U.S. Business Activity Holds Steady in November, But Private Sector Jobs Decline for First Time in Over Three Years
A new S&P Global survey reveals that U.S. business activity remained stable in November, as growth in the services sector offset a continued contraction in manufacturing. However, the survey also highlights a decline in private-sector employment for the first time in nearly three and a half years, raising concerns about a potential economic slowdown in the fourth quarter.

By
Nov 14, 2024
The data reflects a mixed economic picture, with resilience in some areas but warning signs of weakening labor market conditions that could impact consumer spending and overall growth heading into 2025.
Services Sector Keeps Economy Afloat
The U.S. services sector, which accounts for more than two-thirds of economic activity, showed modest growth in November, helping to stabilize overall business activity. This growth was driven by steady consumer demand for travel, entertainment, healthcare, and financial services, despite high interest rates and persistent inflation.
“While services growth has slowed compared to earlier in the year, it remains the key driver keeping U.S. economic activity from slipping into contraction,” said Chris Williamson, Chief Business Economist at S&P Global.
Key Highlights from the Services Sector:
Consumer spending remained stable, particularly in leisure, hospitality, and professional services.
Input costs continued to rise, but businesses managed to pass some costs onto consumers.
New orders saw modest growth, signaling steady demand.
However, businesses in the sector remain cautious about hiring, given the broader economic uncertainty and tightening corporate budgets.
Manufacturing Sector Faces Prolonged Contraction
While the services sector provided some stability, the manufacturing industry continued to shrink, reflecting weak domestic demand, higher borrowing costs, and sluggish global trade. The survey showed that manufacturers are cutting production, citing slower order flows and excess inventory.
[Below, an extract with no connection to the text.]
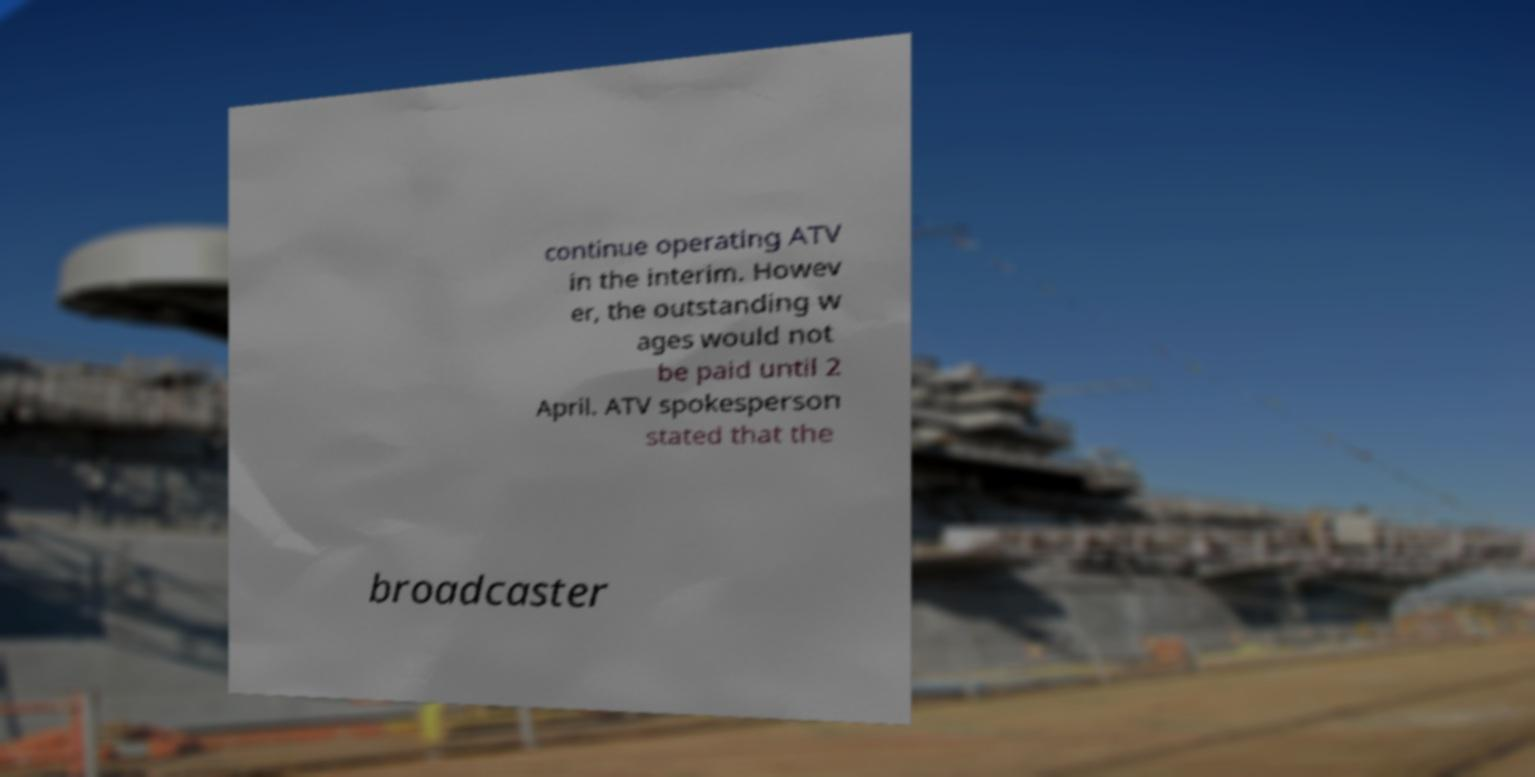There's text embedded in this image that I need extracted. Can you transcribe it verbatim? continue operating ATV in the interim. Howev er, the outstanding w ages would not be paid until 2 April. ATV spokesperson stated that the broadcaster

Challenges in the Manufacturing Sector:
New orders declined, indicating weaker demand from businesses and consumers.
Exports remained under pressure, impacted by global economic uncertainty and a strong U.S. dollar.
Higher financing costs due to Federal Reserve interest rate hikes have limited investment in new production.
“The manufacturing sector is struggling with a combination of soft demand, rising costs, and trade headwinds,” Williamson noted. “This is weighing on overall economic sentiment, even as the services sector continues to show resilience.”
Employment Declines for the First Time Since 2021
One of the most significant takeaways from the S&P Global survey is that private-sector employment declined in November—the first drop in over three years. The last time the U.S. economy saw a decrease in private-sector jobs was mid-2021, during the tail end of the pandemic recovery.
Factors Driving the Employment Decline:
Hiring freezes and layoffs in certain industries, particularly in tech, finance, and manufacturing.
Companies reducing workforce sizes to cut costs amid economic uncertainty.
Slower wage growth, which could dampen consumer spending in the coming months.
The labor market had remained surprisingly strong despite Federal Reserve rate hikes, but the latest numbers suggest that higher borrowing costs and declining business confidence may finally be taking a toll.
Economic Outlook: Is a Slowdown Coming?
While the overall economy is not yet in recession territory, the combination of a cooling labor market and weaker business sentiment suggests that growth could slow in the final months of 2024. If employment continues to decline, it could put downward pressure on consumer spending—one of the key drivers of U.S. economic activity.
Economists are now watching closely for:
December’s employment report to see if job losses accelerate.
Retail sales data during the holiday season to gauge consumer strength.
The Federal Reserve’s response, particularly whether it signals potential rate cuts in early 2025.
What This Means for Businesses and Consumers
For businesses, the survey suggests a more cautious approach to hiring and investment heading into 2025. Many companies are likely to focus on cost-cutting and efficiency improvements rather than aggressive expansion.
For consumers, a weakening labor market could lead to slower wage growth and reduced job security, which might impact confidence and spending patterns in the months ahead.
While the U.S. economy has proven resilient throughout 2024, these latest figures indicate that a period of slower growth or even mild recessionary pressures could emerge in the first half of 2025.